Recorded data

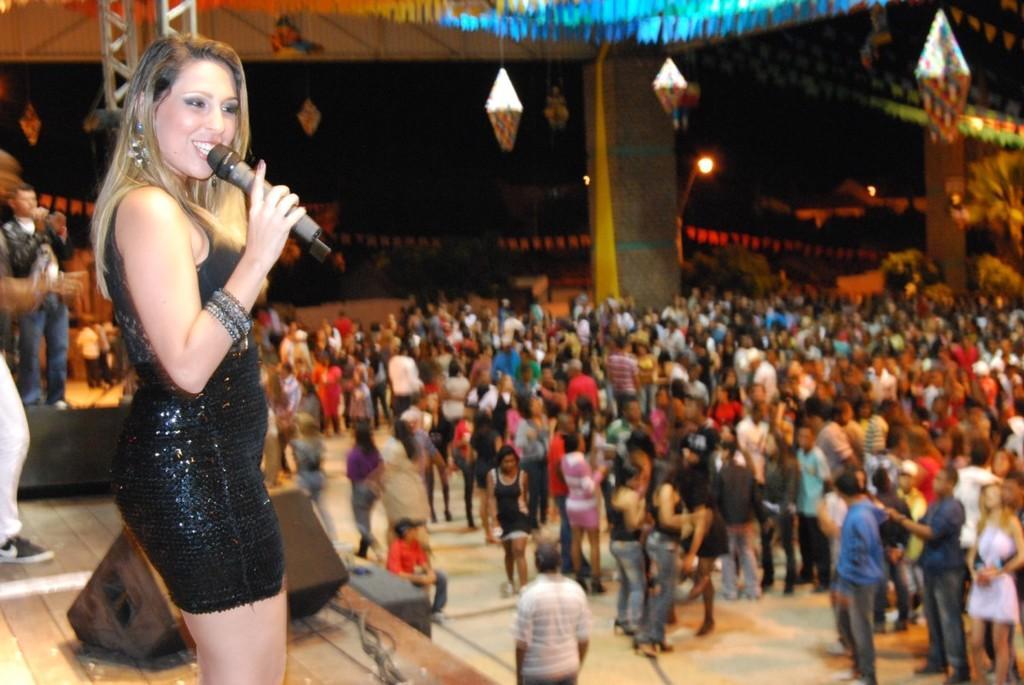In one or two sentences, can you explain what this image depicts? In the picture I can see a group of people are standing on the ground. I can also see a woman is standing on a wooden surface and holding a microphone in the hand. In the background I can see a pillar, lights and some other things. The background of the image is blurred. 
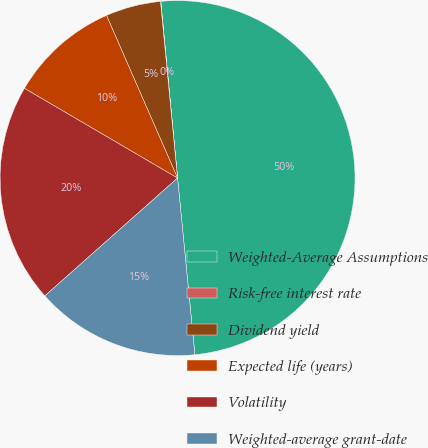<chart> <loc_0><loc_0><loc_500><loc_500><pie_chart><fcel>Weighted-Average Assumptions<fcel>Risk-free interest rate<fcel>Dividend yield<fcel>Expected life (years)<fcel>Volatility<fcel>Weighted-average grant-date<nl><fcel>49.94%<fcel>0.03%<fcel>5.02%<fcel>10.01%<fcel>19.99%<fcel>15.0%<nl></chart> 
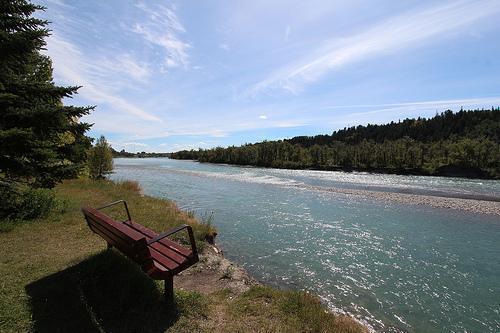How many benches?
Give a very brief answer. 1. How many shadows?
Give a very brief answer. 1. 
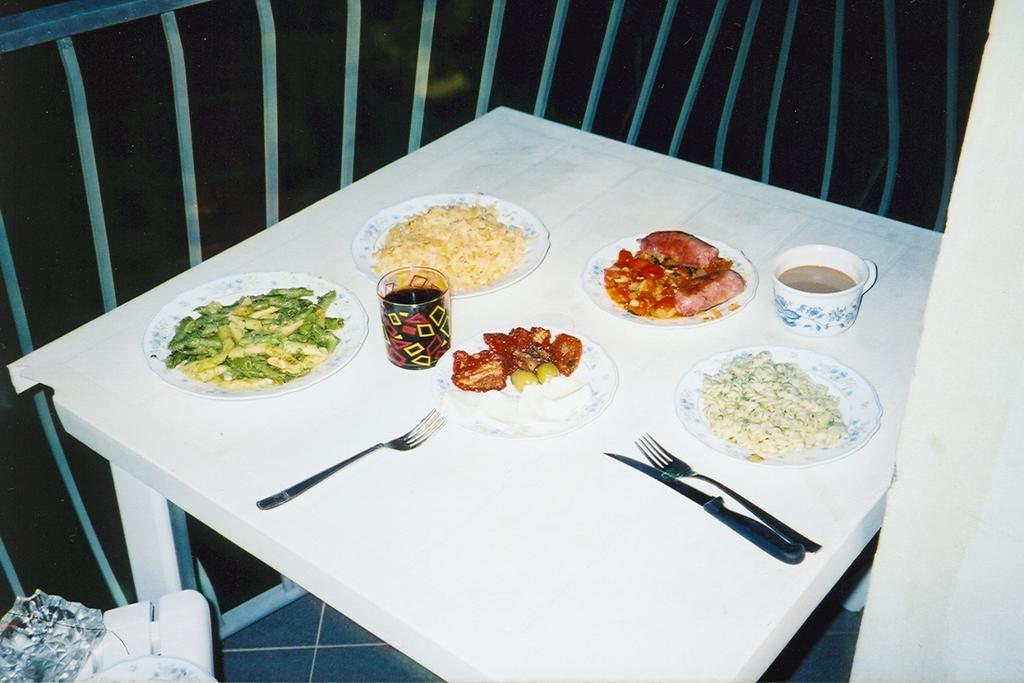What piece of furniture is present in the image? There is a table in the image. What type of food can be seen on the table? There is a plate with pasta on the table. What beverage is visible on the table? There is a cup with coffee on the table. What other food items are on the table? There are several food items on the table. What utensils are present on the table? There is a knife and a fork on the table. How does the pollution affect the trail in the image? There is no mention of pollution or a trail in the image; it features a table with food and utensils. 
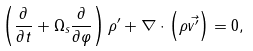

[HOW TO COMPLETE THIS TASK] Look through the entries above. Extract each line with the word "answer".

[RESPONSE BELOW]
Give a very brief answer. 1. How many shadows?
Give a very brief answer. 1. 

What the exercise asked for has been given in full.